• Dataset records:
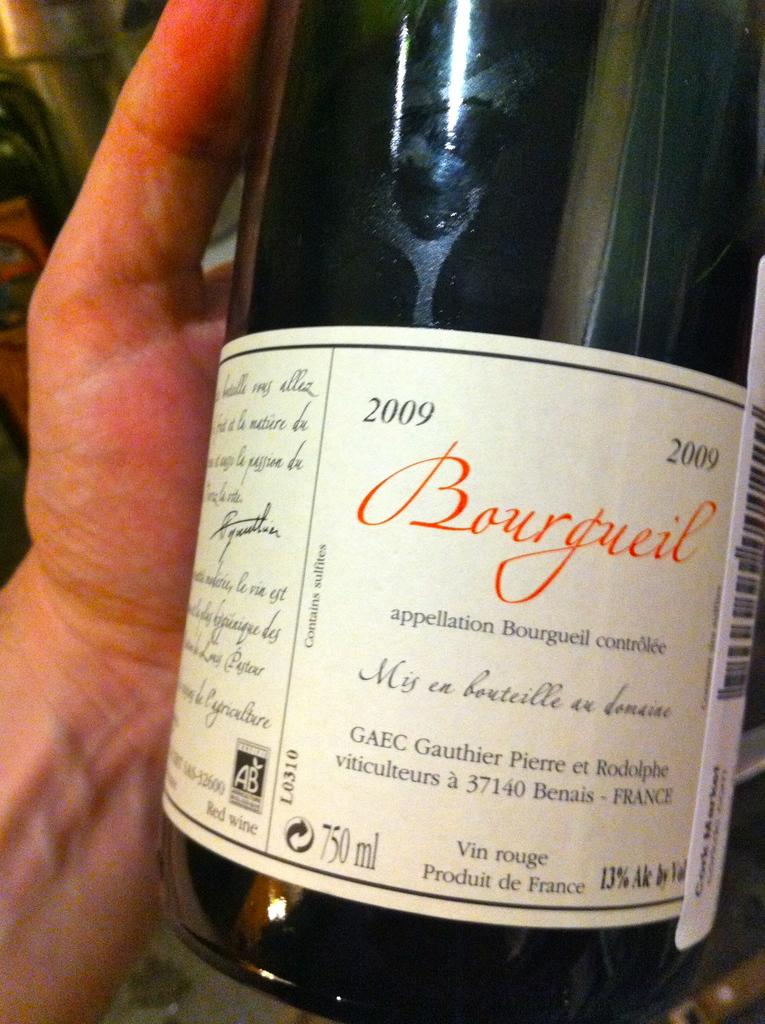<image>
Present a compact description of the photo's key features. A 2009 bottle of Bourgueil with 13% Alcohol by Volume 
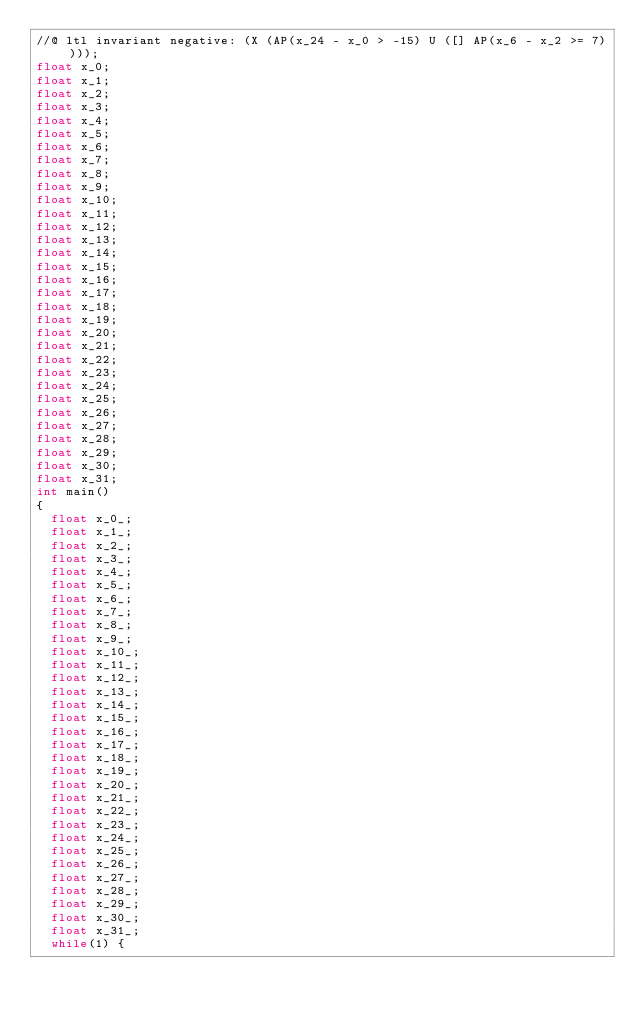<code> <loc_0><loc_0><loc_500><loc_500><_C_>//@ ltl invariant negative: (X (AP(x_24 - x_0 > -15) U ([] AP(x_6 - x_2 >= 7))));
float x_0;
float x_1;
float x_2;
float x_3;
float x_4;
float x_5;
float x_6;
float x_7;
float x_8;
float x_9;
float x_10;
float x_11;
float x_12;
float x_13;
float x_14;
float x_15;
float x_16;
float x_17;
float x_18;
float x_19;
float x_20;
float x_21;
float x_22;
float x_23;
float x_24;
float x_25;
float x_26;
float x_27;
float x_28;
float x_29;
float x_30;
float x_31;
int main()
{
  float x_0_;
  float x_1_;
  float x_2_;
  float x_3_;
  float x_4_;
  float x_5_;
  float x_6_;
  float x_7_;
  float x_8_;
  float x_9_;
  float x_10_;
  float x_11_;
  float x_12_;
  float x_13_;
  float x_14_;
  float x_15_;
  float x_16_;
  float x_17_;
  float x_18_;
  float x_19_;
  float x_20_;
  float x_21_;
  float x_22_;
  float x_23_;
  float x_24_;
  float x_25_;
  float x_26_;
  float x_27_;
  float x_28_;
  float x_29_;
  float x_30_;
  float x_31_;
  while(1) {</code>

• What the exercise asks: The answer must be an exact copy of the lines from the start of the records above through the line containing "float x_6_;", with no pictures in it.

• Finished exercise:
<image>
Present a compact description of the photo's key features. A 2009 bottle of Bourgueil with 13% Alcohol by Volume 
<code> <loc_0><loc_0><loc_500><loc_500><_C_>//@ ltl invariant negative: (X (AP(x_24 - x_0 > -15) U ([] AP(x_6 - x_2 >= 7))));
float x_0;
float x_1;
float x_2;
float x_3;
float x_4;
float x_5;
float x_6;
float x_7;
float x_8;
float x_9;
float x_10;
float x_11;
float x_12;
float x_13;
float x_14;
float x_15;
float x_16;
float x_17;
float x_18;
float x_19;
float x_20;
float x_21;
float x_22;
float x_23;
float x_24;
float x_25;
float x_26;
float x_27;
float x_28;
float x_29;
float x_30;
float x_31;
int main()
{
  float x_0_;
  float x_1_;
  float x_2_;
  float x_3_;
  float x_4_;
  float x_5_;
  float x_6_;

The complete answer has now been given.